Before printing the listing, strip out its pictures and keep everything else exact.

DATASET ENTRIES
───

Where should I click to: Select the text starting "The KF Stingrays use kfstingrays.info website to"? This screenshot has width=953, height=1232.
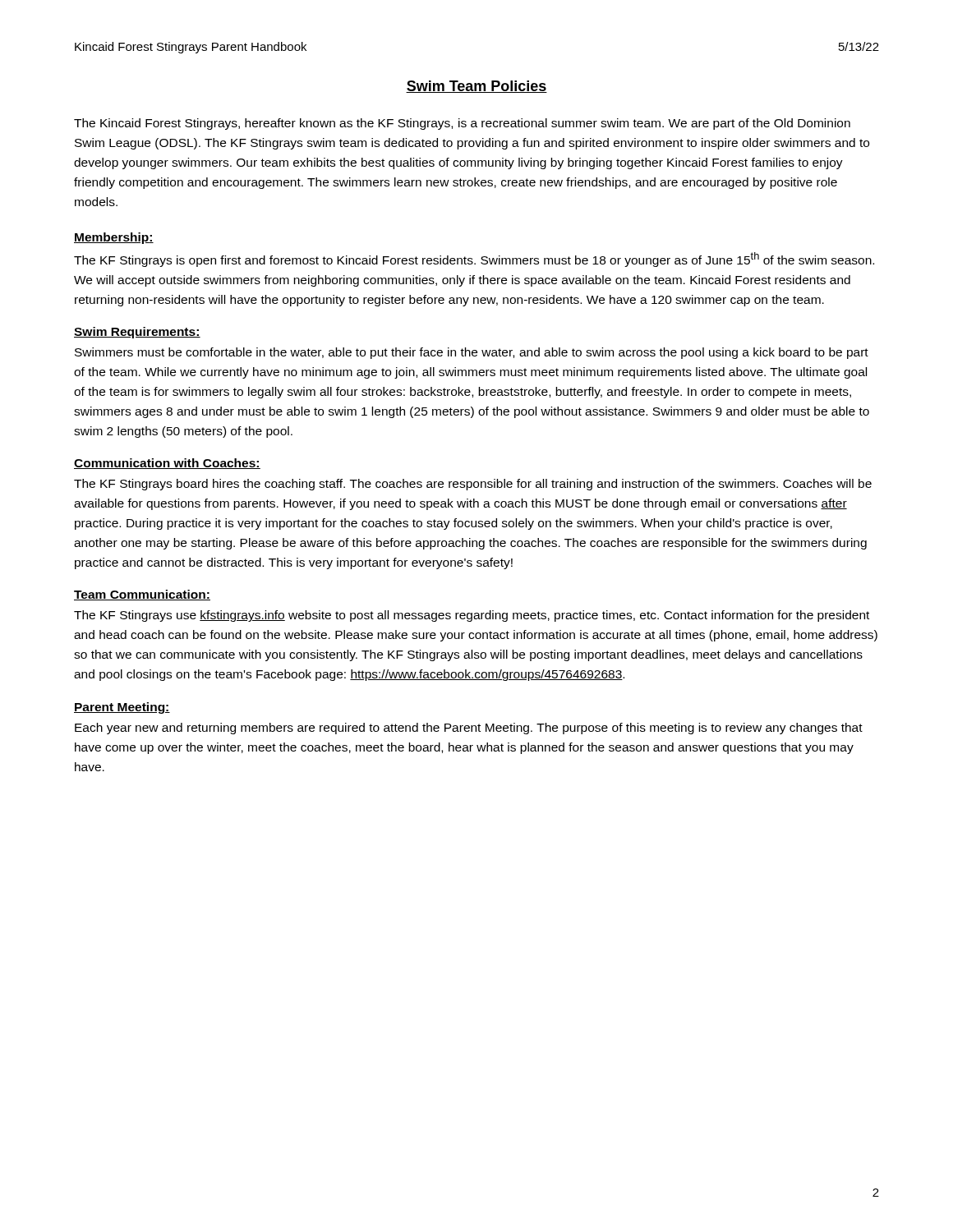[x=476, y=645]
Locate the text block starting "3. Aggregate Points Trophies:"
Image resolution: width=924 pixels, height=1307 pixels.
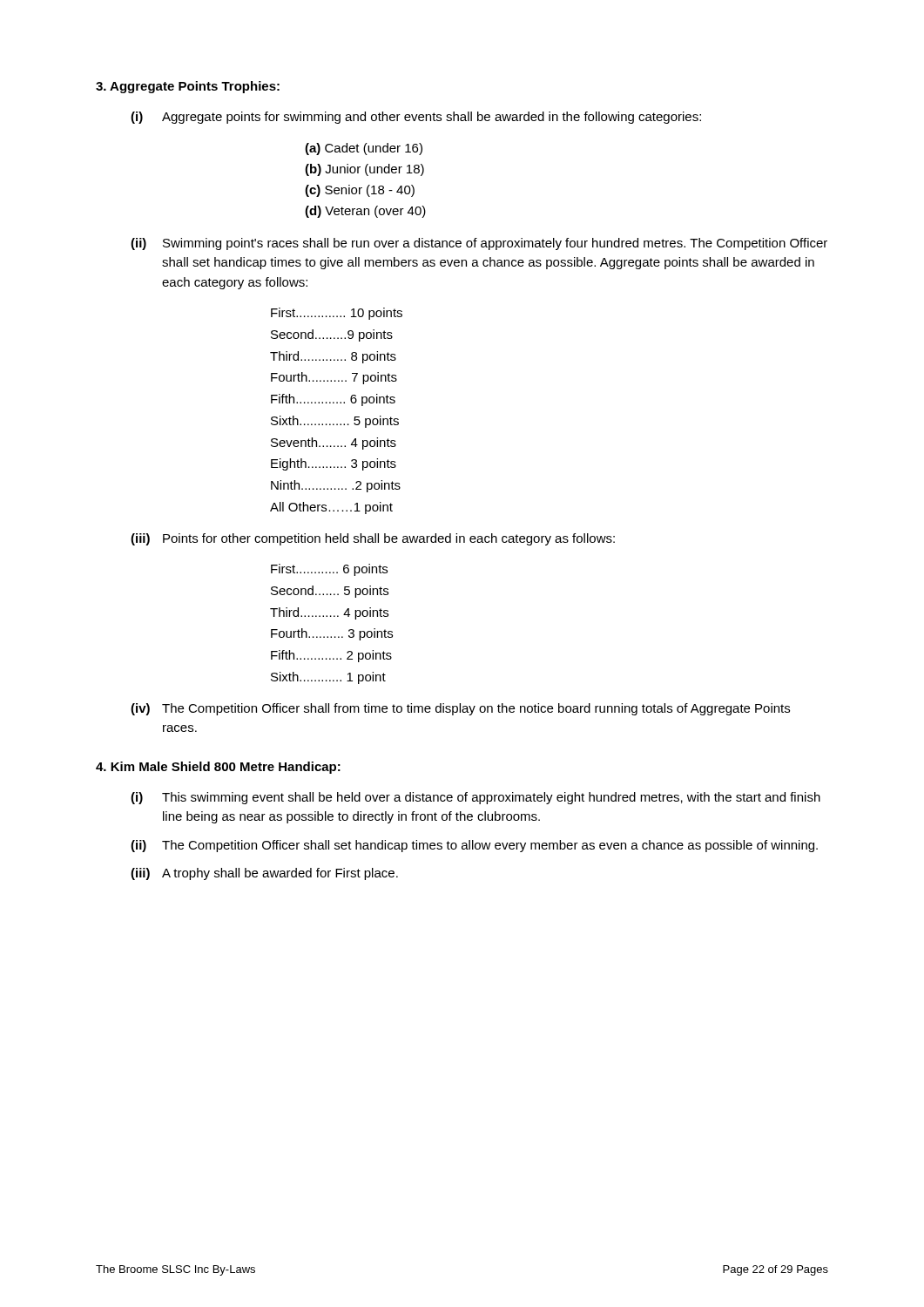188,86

───

RESPONSE TO THIS EXERCISE
Where should I click to: Select the text starting "The KF Stingrays use kfstingrays.info website to"? This screenshot has width=953, height=1232.
[x=476, y=645]
Locate the text block starting "3. Aggregate Points Trophies:"
Image resolution: width=924 pixels, height=1307 pixels.
188,86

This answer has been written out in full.